- _WHAT YOU NEED TO DO_:
Please return only the lines from the one holding "Your response must be concise. 4." through the one holding "Make the answer very short. Cylinder.", exactly as they appear in the records below, both ends included.

INPUT DATA Start Marker

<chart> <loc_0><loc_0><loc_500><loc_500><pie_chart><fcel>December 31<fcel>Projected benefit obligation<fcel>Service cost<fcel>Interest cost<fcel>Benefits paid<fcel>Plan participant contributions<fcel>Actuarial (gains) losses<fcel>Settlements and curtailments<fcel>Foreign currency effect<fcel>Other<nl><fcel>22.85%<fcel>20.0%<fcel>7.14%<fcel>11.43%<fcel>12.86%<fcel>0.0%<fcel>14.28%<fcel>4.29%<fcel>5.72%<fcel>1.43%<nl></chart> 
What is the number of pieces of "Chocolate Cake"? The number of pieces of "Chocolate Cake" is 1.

INPUT DATA End Marker
INPUT DATA Start Marker

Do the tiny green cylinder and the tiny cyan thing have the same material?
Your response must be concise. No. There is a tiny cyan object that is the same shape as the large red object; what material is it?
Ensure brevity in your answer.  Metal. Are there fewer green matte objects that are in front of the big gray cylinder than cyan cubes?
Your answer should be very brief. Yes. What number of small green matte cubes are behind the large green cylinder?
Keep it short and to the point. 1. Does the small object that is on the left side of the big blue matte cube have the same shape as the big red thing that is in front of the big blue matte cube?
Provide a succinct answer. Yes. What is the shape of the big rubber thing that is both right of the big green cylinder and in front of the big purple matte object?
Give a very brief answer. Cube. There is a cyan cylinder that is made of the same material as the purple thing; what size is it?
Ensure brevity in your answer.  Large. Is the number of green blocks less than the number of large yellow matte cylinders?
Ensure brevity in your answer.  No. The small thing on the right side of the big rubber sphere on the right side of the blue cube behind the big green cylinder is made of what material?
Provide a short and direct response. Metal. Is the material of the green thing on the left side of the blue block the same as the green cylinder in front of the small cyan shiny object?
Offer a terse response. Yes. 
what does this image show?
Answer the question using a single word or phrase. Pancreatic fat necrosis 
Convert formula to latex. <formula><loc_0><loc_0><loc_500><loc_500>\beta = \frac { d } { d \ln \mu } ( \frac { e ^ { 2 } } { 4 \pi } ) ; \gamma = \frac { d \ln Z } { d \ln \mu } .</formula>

INPUT DATA End Marker
INPUT DATA Start Marker

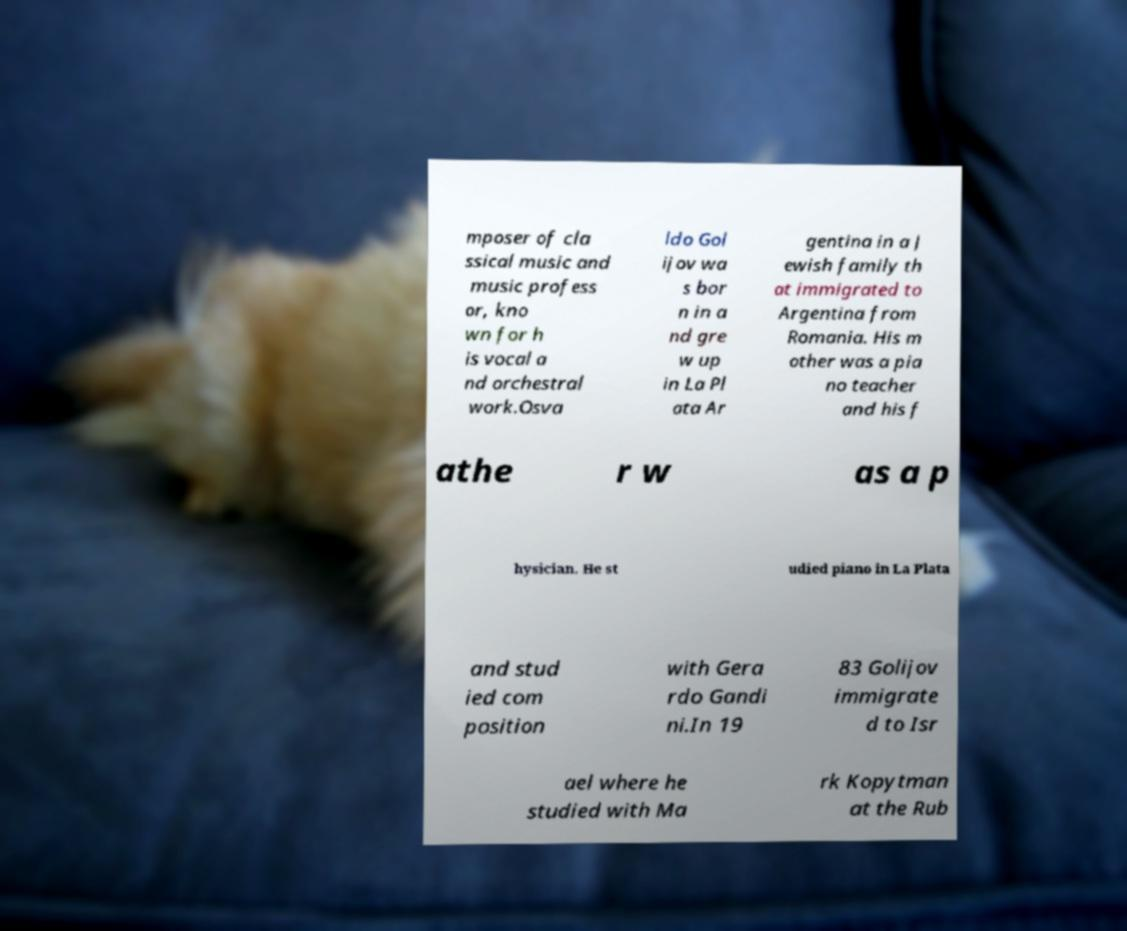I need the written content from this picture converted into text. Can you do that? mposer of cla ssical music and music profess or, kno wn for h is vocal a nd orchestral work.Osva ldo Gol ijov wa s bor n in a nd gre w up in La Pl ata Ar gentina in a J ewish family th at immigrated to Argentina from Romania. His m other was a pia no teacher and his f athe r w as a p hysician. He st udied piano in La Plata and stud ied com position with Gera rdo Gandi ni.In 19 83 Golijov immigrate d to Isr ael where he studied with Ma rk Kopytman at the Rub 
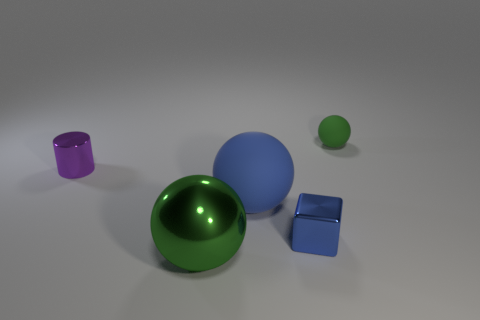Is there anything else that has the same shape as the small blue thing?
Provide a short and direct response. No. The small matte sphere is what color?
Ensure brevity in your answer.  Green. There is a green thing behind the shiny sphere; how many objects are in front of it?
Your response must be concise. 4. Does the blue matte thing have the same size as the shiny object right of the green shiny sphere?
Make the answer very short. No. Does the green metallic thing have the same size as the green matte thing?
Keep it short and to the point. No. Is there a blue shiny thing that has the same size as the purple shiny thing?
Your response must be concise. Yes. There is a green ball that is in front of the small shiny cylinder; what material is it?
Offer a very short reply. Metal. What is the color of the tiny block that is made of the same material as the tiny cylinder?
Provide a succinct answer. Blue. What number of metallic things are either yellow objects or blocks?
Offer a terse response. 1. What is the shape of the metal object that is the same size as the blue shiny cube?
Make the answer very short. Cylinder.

INPUT DATA End Marker

- _RESULT FOR THIS TASK_:
Your response must be concise. 4. Does the blue matte thing have the same size as the shiny object right of the green shiny sphere?
Make the answer very short. No. Does the green metallic thing have the same size as the green matte thing?
Keep it short and to the point. No. Is there a blue shiny thing that has the same size as the purple shiny thing?
Your response must be concise. Yes. There is a green ball that is in front of the small shiny cylinder; what material is it?
Offer a very short reply. Metal. What is the color of the tiny block that is made of the same material as the tiny cylinder?
Provide a succinct answer. Blue. What number of metallic things are either yellow objects or blocks?
Offer a terse response. 1. What is the shape of the metal object that is the same size as the blue shiny cube?
Make the answer very short. Cylinder.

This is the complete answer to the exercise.